__What you should do__
Instruction for the data below: set down exactly the lines from the line with "Numbers: x, y, z, sx, sy, sz, roll, pitch, yaw. Lengths" to the line with "Could I get", inclusive, and no others.

Items from a data source
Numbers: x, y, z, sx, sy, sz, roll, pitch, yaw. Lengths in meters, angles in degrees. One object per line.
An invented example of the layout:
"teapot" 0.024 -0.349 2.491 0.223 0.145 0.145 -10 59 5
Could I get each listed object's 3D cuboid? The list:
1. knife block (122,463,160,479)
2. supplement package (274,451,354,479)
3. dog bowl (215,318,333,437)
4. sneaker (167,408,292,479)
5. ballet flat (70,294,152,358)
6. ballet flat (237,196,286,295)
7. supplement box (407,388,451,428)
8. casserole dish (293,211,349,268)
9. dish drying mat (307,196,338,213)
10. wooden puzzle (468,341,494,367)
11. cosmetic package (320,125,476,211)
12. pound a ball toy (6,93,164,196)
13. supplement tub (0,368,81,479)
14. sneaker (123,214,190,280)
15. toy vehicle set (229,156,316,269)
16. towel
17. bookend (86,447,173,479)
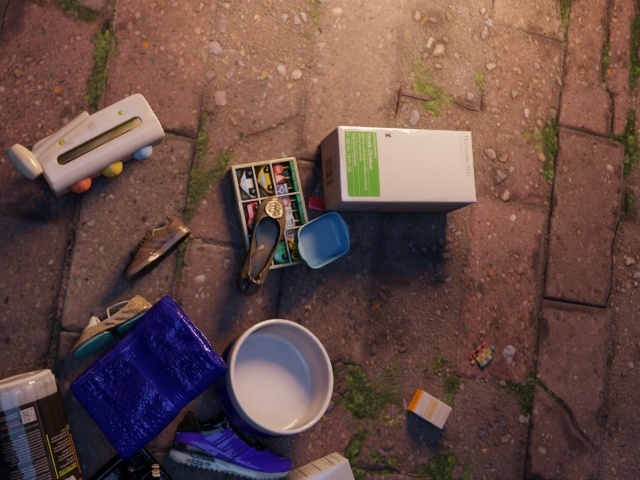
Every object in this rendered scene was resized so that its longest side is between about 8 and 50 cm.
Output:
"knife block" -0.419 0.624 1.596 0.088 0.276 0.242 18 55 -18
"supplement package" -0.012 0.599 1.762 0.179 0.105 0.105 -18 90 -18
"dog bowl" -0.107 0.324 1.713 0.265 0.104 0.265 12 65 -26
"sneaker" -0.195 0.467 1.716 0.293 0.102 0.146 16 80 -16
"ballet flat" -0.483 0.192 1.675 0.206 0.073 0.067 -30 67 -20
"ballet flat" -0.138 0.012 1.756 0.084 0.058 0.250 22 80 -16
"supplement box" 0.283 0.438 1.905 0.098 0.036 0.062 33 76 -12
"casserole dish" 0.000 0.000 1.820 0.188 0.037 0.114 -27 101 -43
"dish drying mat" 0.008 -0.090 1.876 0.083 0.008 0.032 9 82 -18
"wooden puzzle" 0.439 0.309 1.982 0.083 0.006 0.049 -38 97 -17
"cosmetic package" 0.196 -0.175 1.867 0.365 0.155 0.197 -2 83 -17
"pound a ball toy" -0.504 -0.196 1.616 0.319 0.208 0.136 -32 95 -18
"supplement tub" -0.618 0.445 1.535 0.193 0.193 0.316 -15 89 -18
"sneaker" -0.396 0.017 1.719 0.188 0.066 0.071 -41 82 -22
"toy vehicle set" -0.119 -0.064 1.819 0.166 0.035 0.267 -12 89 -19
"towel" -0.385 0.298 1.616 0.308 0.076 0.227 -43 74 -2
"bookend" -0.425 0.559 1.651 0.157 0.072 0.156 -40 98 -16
==
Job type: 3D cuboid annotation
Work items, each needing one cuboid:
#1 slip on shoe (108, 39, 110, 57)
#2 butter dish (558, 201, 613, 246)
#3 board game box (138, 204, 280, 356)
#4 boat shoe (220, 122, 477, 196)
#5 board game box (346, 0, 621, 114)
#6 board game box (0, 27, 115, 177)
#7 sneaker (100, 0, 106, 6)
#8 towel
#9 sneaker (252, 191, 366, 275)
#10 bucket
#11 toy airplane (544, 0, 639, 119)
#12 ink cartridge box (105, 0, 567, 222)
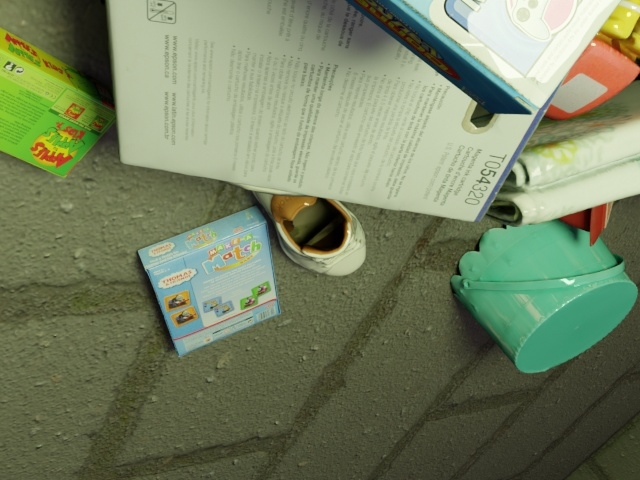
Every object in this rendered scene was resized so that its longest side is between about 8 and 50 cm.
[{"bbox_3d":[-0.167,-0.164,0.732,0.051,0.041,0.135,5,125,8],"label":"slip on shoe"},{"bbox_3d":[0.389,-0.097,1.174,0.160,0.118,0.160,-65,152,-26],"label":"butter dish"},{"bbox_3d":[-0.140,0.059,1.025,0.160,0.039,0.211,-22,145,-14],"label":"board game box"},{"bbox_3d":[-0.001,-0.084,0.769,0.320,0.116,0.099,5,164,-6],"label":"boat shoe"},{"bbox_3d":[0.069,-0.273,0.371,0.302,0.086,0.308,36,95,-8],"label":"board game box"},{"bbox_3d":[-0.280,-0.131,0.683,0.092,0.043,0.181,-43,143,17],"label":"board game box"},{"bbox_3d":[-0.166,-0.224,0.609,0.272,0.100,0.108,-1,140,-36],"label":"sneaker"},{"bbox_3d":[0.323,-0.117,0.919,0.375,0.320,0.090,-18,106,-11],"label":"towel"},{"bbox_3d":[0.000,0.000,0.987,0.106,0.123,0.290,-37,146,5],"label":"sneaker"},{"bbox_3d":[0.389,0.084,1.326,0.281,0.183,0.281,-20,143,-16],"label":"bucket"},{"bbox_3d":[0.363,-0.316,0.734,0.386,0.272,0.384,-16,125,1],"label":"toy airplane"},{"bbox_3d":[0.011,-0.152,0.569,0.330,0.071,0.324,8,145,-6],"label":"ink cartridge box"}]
...
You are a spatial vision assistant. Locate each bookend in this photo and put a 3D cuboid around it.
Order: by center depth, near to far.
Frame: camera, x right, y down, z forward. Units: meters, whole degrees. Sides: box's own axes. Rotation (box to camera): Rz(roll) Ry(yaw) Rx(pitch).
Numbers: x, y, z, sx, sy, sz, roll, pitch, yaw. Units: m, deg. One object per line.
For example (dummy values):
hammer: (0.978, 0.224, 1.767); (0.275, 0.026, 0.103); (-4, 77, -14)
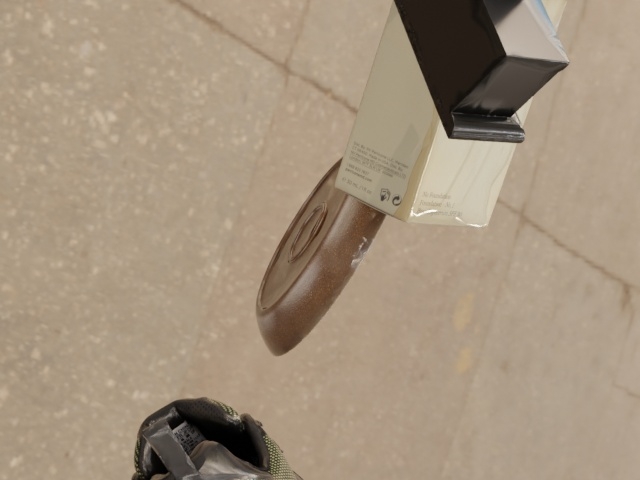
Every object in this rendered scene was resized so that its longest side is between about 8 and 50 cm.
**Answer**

__Result of this task__
Numbers: x, y, z, sx, sy, sz, roll, pitch, yaw. Lengths in meters, angles in degrees. One object per line.
An invented example of the layout:
"teapot" 0.024 -0.349 2.491 0.223 0.145 0.145 -10 59 5
Could I get each listed object's 3D cuboid? The list:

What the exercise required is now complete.